E dire che il suo nome di punta, Fridrik Thór Fridriksson, vinse anche un’edizione di Riminicinema (uno dei più bei festival italiani, poi spazzato via da burocrazie e idee di grandezza ‘regionali’). Ma il suo film, che iniziava in Giappone e proseguiva in Islanda in cinemascope, non uscì mai in Italia.
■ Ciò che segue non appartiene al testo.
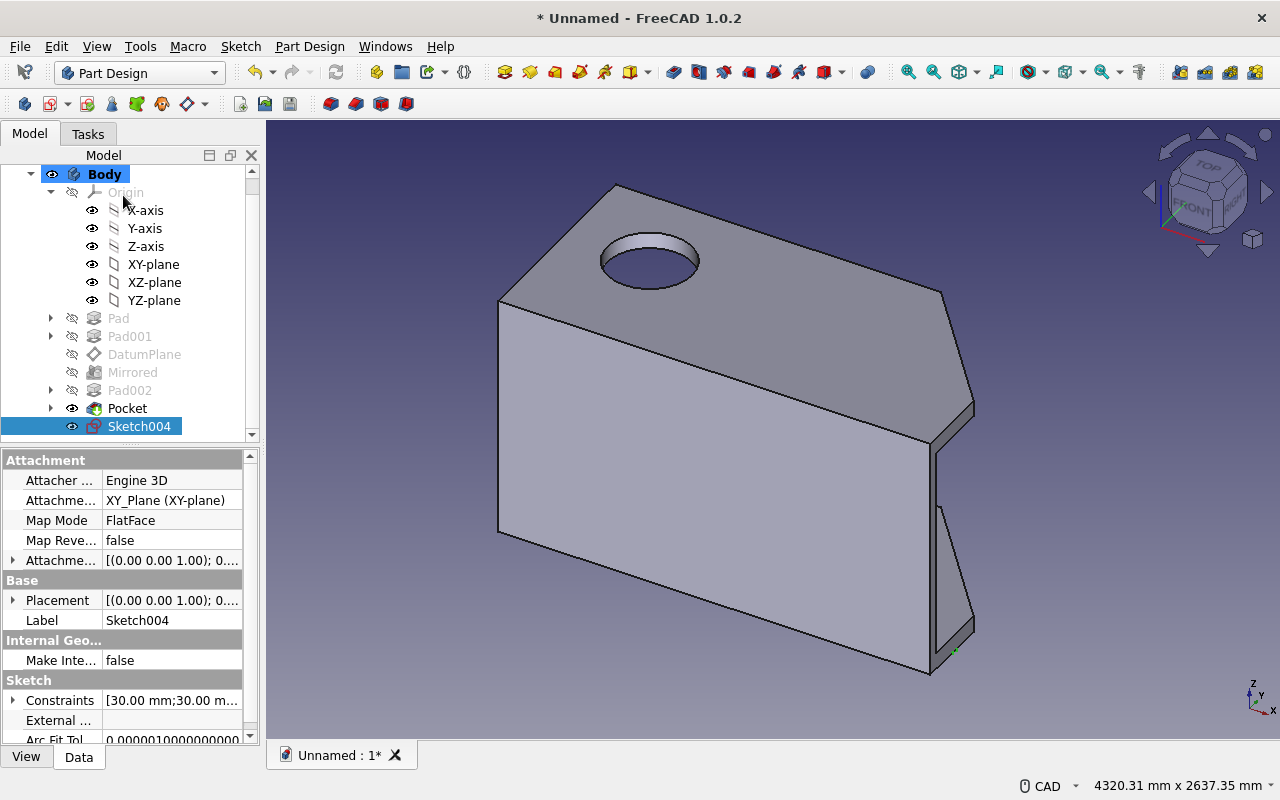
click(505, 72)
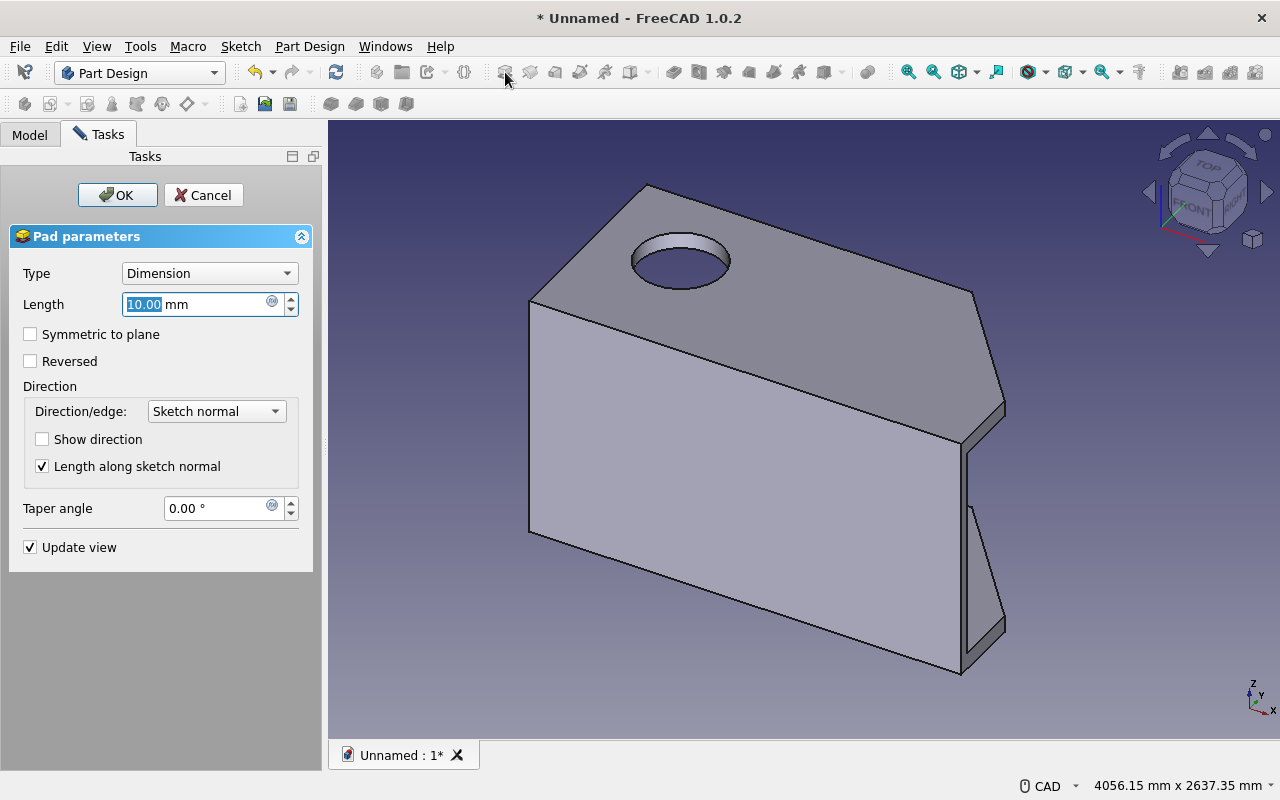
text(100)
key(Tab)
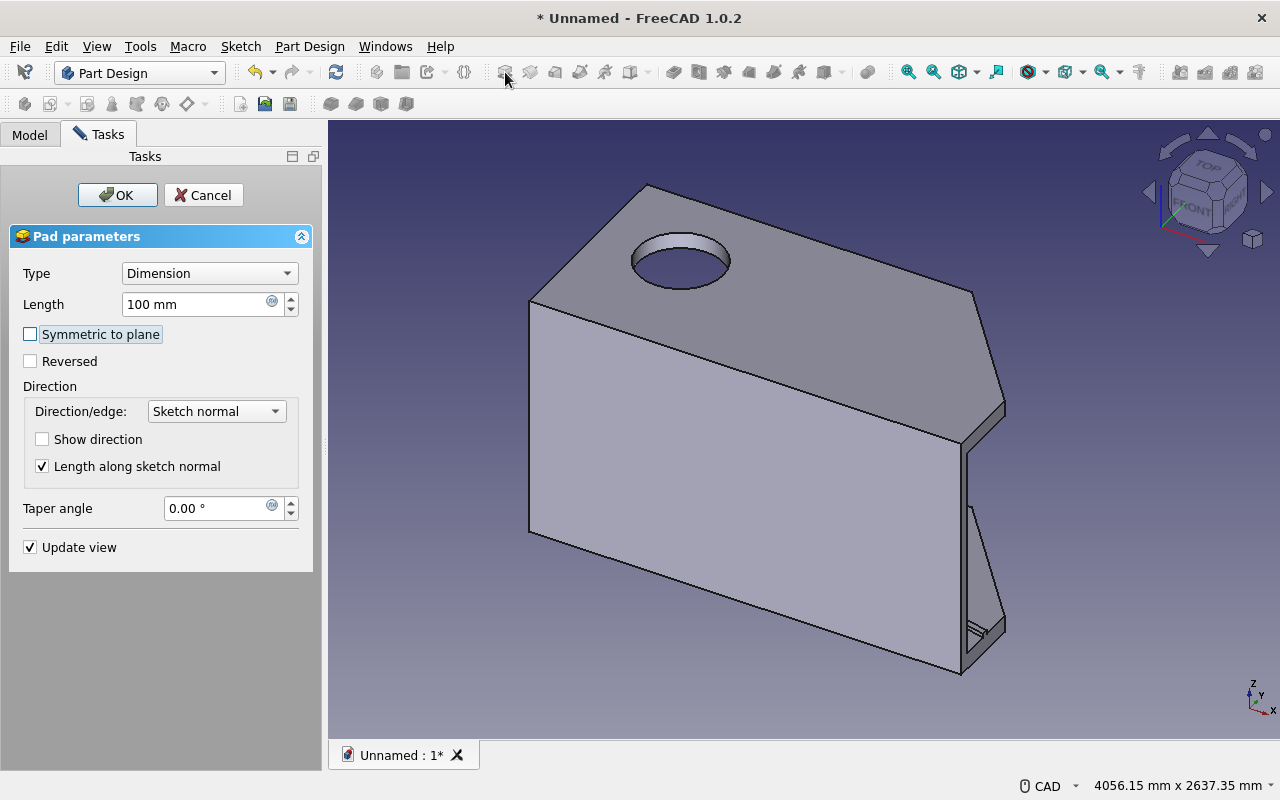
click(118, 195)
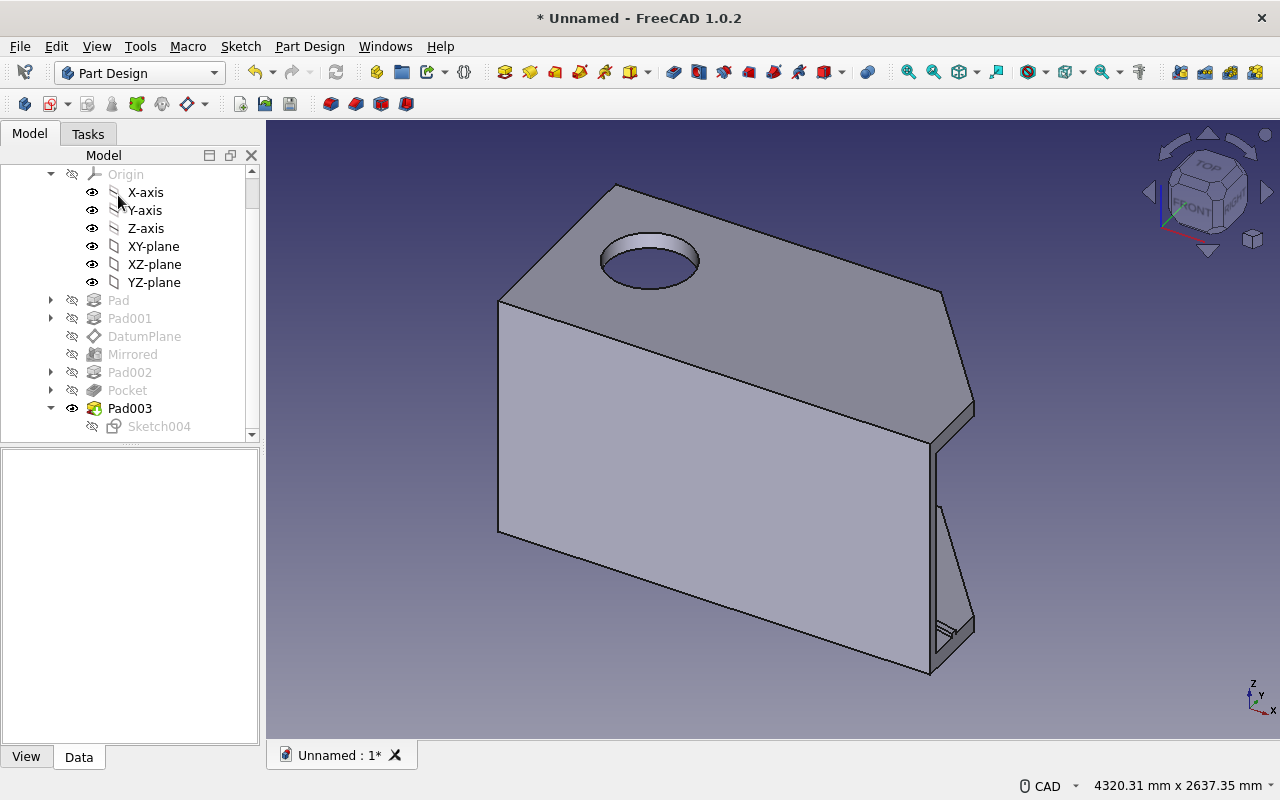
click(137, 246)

E’ solo un esempio, ma già significativo, delle contaminazioni che possiede questa giovane cinematografia, nata in un Paese dove circola una vena di follia (leggere “Angels of the univers” di Einar Már Gudmundsson, e vedere l’omonimo film di Fridriksson, miglior incasso al botteghino islandese nel 2000, davanti a “Toy Story 2”, per capire meglio alcuni meccanismi di paura, delirio e sopravvivenza nella Reykjavík degli anni Novanta) che si trapianta nel corpo dei film, con leggera o possente, densa presenza maligna e liberatrice.
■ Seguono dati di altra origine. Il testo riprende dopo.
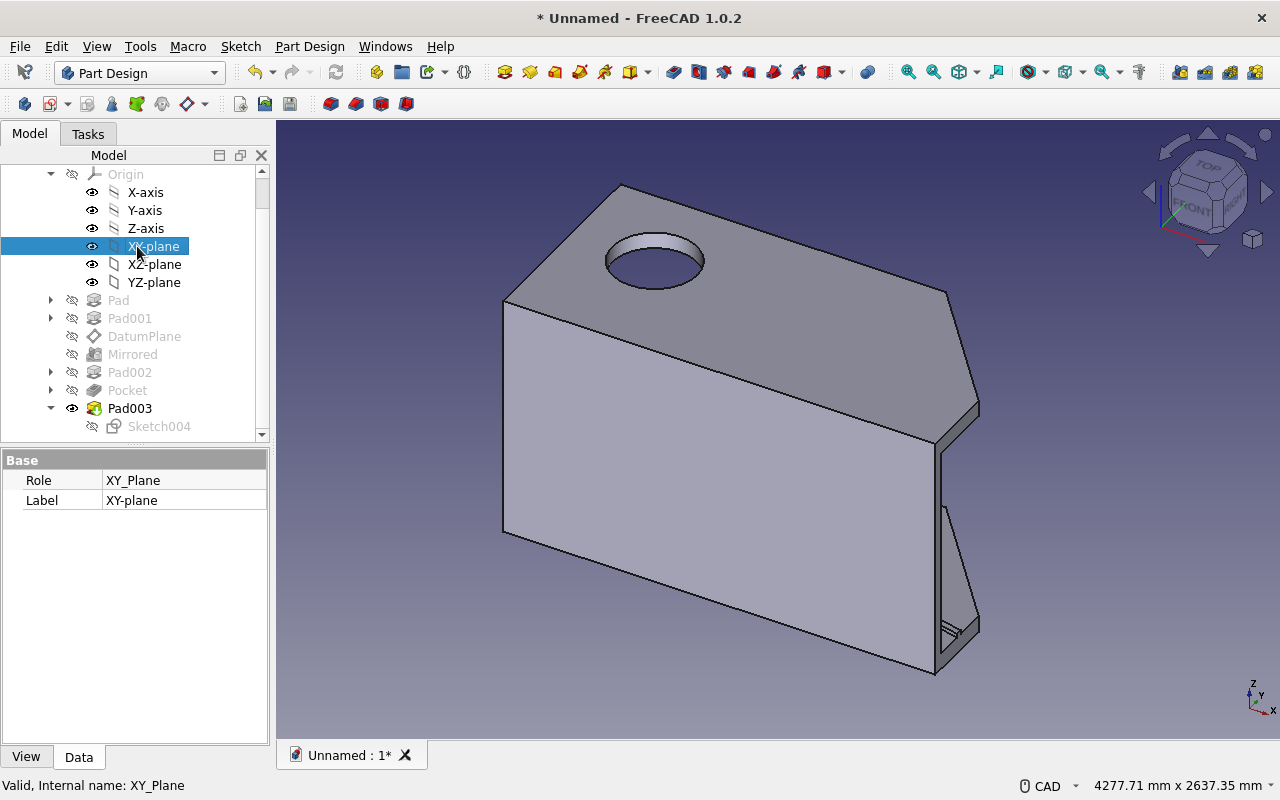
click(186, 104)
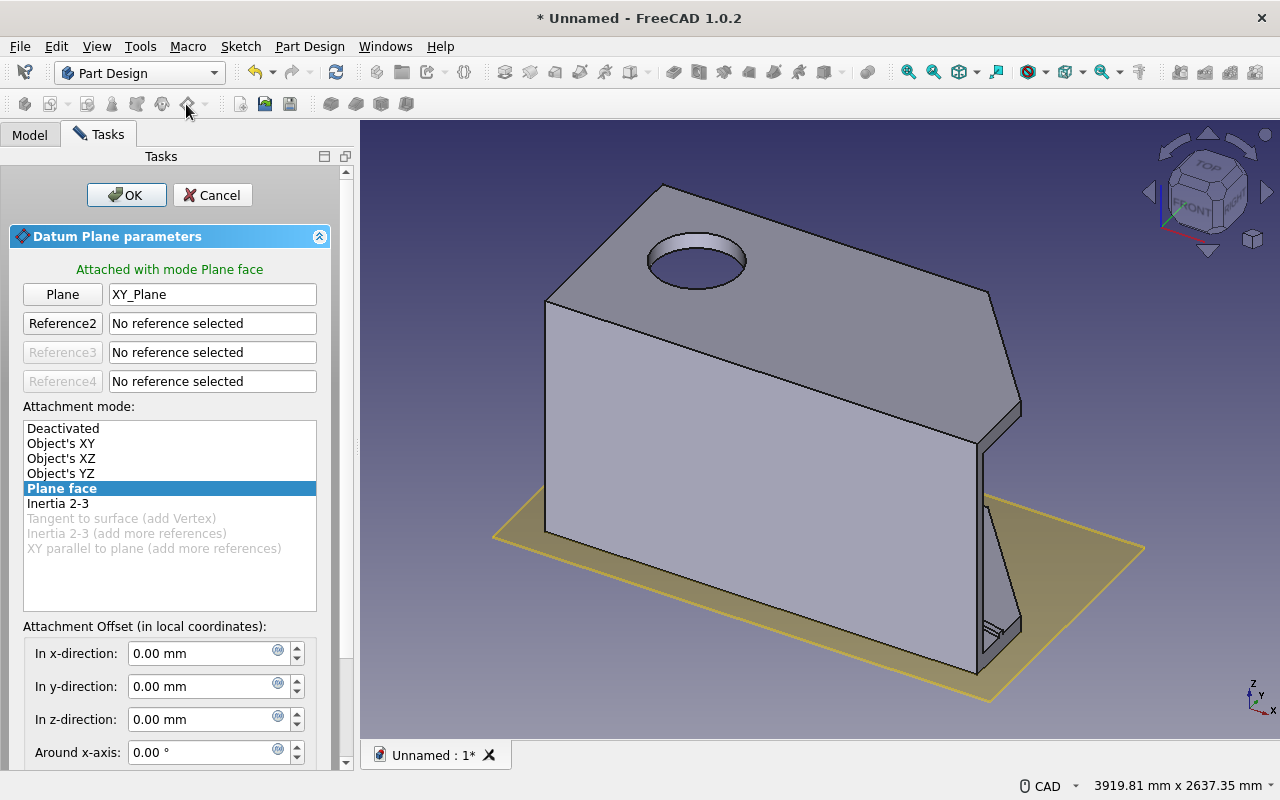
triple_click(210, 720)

Cannes 2001, a questo proposito, ha fornito una buona e differenziata panoramica delle più recenti produzioni islandesi, ruotanti intorno a un’efficace struttura come l’Icelandic Film Fund (che ha un bellissimo sito, da visitare: www.iff.is; mentre per saperne di più sulle suggestioni di un luogo ‘a sud del nord’ è fondamentale www.bestoficeland.com). Al Marché du Film erano presenti le novità che poi, è auspicabile, circoleranno nei festival internazionali, seguendo il prezioso percorso di “Angels of the univers” e ancora di più di “101 Reykjavík” di Baltasar Kormakur, vale a dire la commedia drammatica – che cambia i destini dei personaggi in un inverno nella capitale, con Victoria Abril insegnante di tango e amante della madre dell’antipatico protagonista – in concorso a Locarno 2000 e poi in giro per i più importanti festival del mondo (in Italia non se n’è accorto nessuno).
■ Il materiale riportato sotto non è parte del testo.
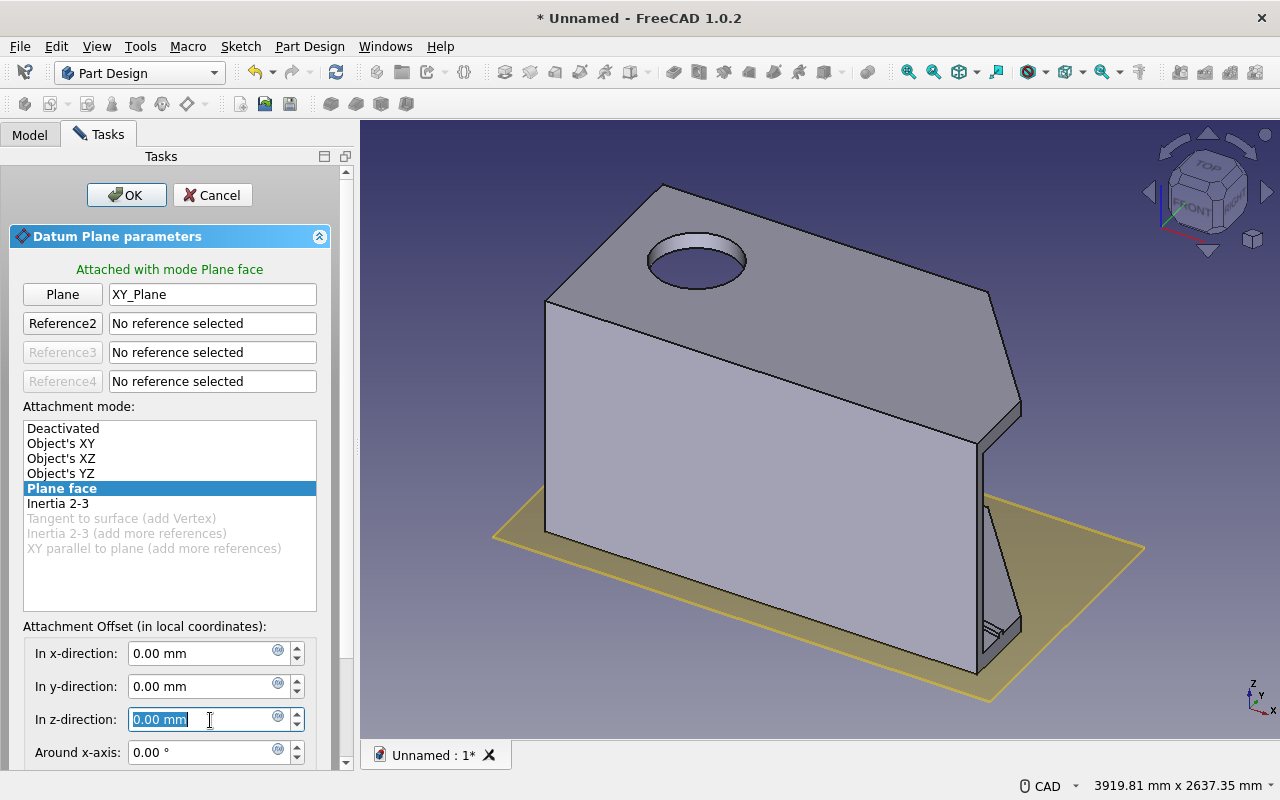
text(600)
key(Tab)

Ecco dunque, per una breve situazione del cinema islandese d’inizio millennio, “Plan B-Report” di Jóhann Sigmarsson, girato tra Reykjavík e Amsterdam (la parte più sospesa in un’opera che fa del muoversi stando fermi una propria idea stralunata e decisiva); “Ikíngu”t, film per ragazzi di Gísli Snaer Erlingsson; “Dramarama”, cinque storie in tragicommedia firmate da altrettanti cineasti (Inga Lísa Middleton, Dagur Kári, Ragnar Bragason, Ásgrimur Sverrisson, Einar Thór Gunnlaugsson); la commedia un po’ troppo ‘dogma’ The icelandic dream di Róbert I. Douglas (al terzo posto nella classifica dei film più visti sugli schermi islandesi dell’anno scorso).